> [EXERCISE AIM] Every entry must be transcribed without alteration.
====== DATA RECORDS ======
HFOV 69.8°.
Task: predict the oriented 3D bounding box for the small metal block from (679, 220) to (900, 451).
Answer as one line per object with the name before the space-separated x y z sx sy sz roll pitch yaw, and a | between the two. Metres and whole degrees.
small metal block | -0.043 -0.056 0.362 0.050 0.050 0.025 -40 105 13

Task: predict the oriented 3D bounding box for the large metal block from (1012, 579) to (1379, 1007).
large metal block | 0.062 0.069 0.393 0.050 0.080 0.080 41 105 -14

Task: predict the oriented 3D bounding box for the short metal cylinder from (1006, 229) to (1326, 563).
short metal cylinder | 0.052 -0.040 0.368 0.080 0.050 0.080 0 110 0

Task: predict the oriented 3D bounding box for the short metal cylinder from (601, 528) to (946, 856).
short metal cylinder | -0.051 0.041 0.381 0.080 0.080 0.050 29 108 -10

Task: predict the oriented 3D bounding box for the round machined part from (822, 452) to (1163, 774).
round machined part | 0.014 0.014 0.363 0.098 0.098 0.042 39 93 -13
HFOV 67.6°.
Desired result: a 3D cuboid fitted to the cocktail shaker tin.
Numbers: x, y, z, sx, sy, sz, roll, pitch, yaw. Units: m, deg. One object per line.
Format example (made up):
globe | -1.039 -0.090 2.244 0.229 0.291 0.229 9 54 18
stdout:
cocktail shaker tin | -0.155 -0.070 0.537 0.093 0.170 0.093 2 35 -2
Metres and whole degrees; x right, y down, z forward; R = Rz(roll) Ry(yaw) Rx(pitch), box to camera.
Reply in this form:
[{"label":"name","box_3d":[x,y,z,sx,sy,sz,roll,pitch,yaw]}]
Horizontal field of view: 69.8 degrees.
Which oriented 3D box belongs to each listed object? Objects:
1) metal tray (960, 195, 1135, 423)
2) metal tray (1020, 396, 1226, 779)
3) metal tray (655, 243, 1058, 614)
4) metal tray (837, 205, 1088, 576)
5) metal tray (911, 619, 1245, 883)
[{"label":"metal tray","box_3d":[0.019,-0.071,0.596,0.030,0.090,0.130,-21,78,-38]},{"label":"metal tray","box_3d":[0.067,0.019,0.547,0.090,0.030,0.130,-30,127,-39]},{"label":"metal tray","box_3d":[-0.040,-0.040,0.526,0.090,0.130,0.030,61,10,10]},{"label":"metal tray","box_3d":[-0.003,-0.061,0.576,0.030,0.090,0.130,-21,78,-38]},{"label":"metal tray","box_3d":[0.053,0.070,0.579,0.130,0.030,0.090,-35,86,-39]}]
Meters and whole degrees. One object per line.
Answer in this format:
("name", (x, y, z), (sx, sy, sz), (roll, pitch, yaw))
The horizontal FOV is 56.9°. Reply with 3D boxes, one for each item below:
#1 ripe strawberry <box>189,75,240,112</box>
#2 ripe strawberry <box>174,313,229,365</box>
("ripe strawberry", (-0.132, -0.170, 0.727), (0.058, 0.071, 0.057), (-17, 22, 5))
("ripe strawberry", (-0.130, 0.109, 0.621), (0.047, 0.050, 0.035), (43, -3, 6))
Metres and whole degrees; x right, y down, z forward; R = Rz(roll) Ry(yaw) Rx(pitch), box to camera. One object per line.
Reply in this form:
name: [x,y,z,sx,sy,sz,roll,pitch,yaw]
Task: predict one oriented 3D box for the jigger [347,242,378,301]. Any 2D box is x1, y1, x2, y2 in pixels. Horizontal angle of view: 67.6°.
======
> [ANSWER SECTION]
HFOV 69.8°.
Task: predict the oriented 3D bounding box for the small metal block from (679, 220) to (900, 451).
Answer as one line per object with the name before the space-separated x y z sx sy sz roll pitch yaw, and a | between the two. Metres and whole degrees.
small metal block | -0.043 -0.056 0.362 0.050 0.050 0.025 -40 105 13

Task: predict the oriented 3D bounding box for the large metal block from (1012, 579) to (1379, 1007).
large metal block | 0.062 0.069 0.393 0.050 0.080 0.080 41 105 -14

Task: predict the oriented 3D bounding box for the short metal cylinder from (1006, 229) to (1326, 563).
short metal cylinder | 0.052 -0.040 0.368 0.080 0.050 0.080 0 110 0

Task: predict the oriented 3D bounding box for the short metal cylinder from (601, 528) to (946, 856).
short metal cylinder | -0.051 0.041 0.381 0.080 0.080 0.050 29 108 -10

Task: predict the oriented 3D bounding box for the round machined part from (822, 452) to (1163, 774).
round machined part | 0.014 0.014 0.363 0.098 0.098 0.042 39 93 -13
HFOV 67.6°.
Desired result: a 3D cuboid fitted to the cocktail shaker tin.
Numbers: x, y, z, sx, sy, sz, roll, pitch, yaw. Units: m, deg. One object per line.
Format example (made up):
globe | -1.039 -0.090 2.244 0.229 0.291 0.229 9 54 18
stdout:
cocktail shaker tin | -0.155 -0.070 0.537 0.093 0.170 0.093 2 35 -2
Metres and whole degrees; x right, y down, z forward; R = Rz(roll) Ry(yaw) Rx(pitch), box to camera.
Reply in this form:
[{"label":"name","box_3d":[x,y,z,sx,sy,sz,roll,pitch,yaw]}]
Horizontal field of view: 69.8 degrees.
Which oriented 3D box belongs to each listed object? Objects:
1) metal tray (960, 195, 1135, 423)
2) metal tray (1020, 396, 1226, 779)
3) metal tray (655, 243, 1058, 614)
4) metal tray (837, 205, 1088, 576)
5) metal tray (911, 619, 1245, 883)
[{"label":"metal tray","box_3d":[0.019,-0.071,0.596,0.030,0.090,0.130,-21,78,-38]},{"label":"metal tray","box_3d":[0.067,0.019,0.547,0.090,0.030,0.130,-30,127,-39]},{"label":"metal tray","box_3d":[-0.040,-0.040,0.526,0.090,0.130,0.030,61,10,10]},{"label":"metal tray","box_3d":[-0.003,-0.061,0.576,0.030,0.090,0.130,-21,78,-38]},{"label":"metal tray","box_3d":[0.053,0.070,0.579,0.130,0.030,0.090,-35,86,-39]}]
Meters and whole degrees. One object per line.
Answer in this format:
("name", (x, y, z), (sx, sy, sz), (roll, pitch, yaw))
The horizontal FOV is 56.9°. Reply with 3D boxes, one for each item below:
#1 ripe strawberry <box>189,75,240,112</box>
#2 ripe strawberry <box>174,313,229,365</box>
("ripe strawberry", (-0.132, -0.170, 0.727), (0.058, 0.071, 0.057), (-17, 22, 5))
("ripe strawberry", (-0.130, 0.109, 0.621), (0.047, 0.050, 0.035), (43, -3, 6))
Metres and whole degrees; x right, y down, z forward; R = Rz(roll) Ry(yaw) Rx(pitch), box to camera. One object per line.
Reply in this form:
name: [x,y,z,sx,sy,sz,roll,pitch,yaw]
Task: predict one oriented 3D box for the jigger [347,242,378,301]. Any 2D box is x1, y1, x2, y2 in pixels. Horizontal angle of view: 67.6°.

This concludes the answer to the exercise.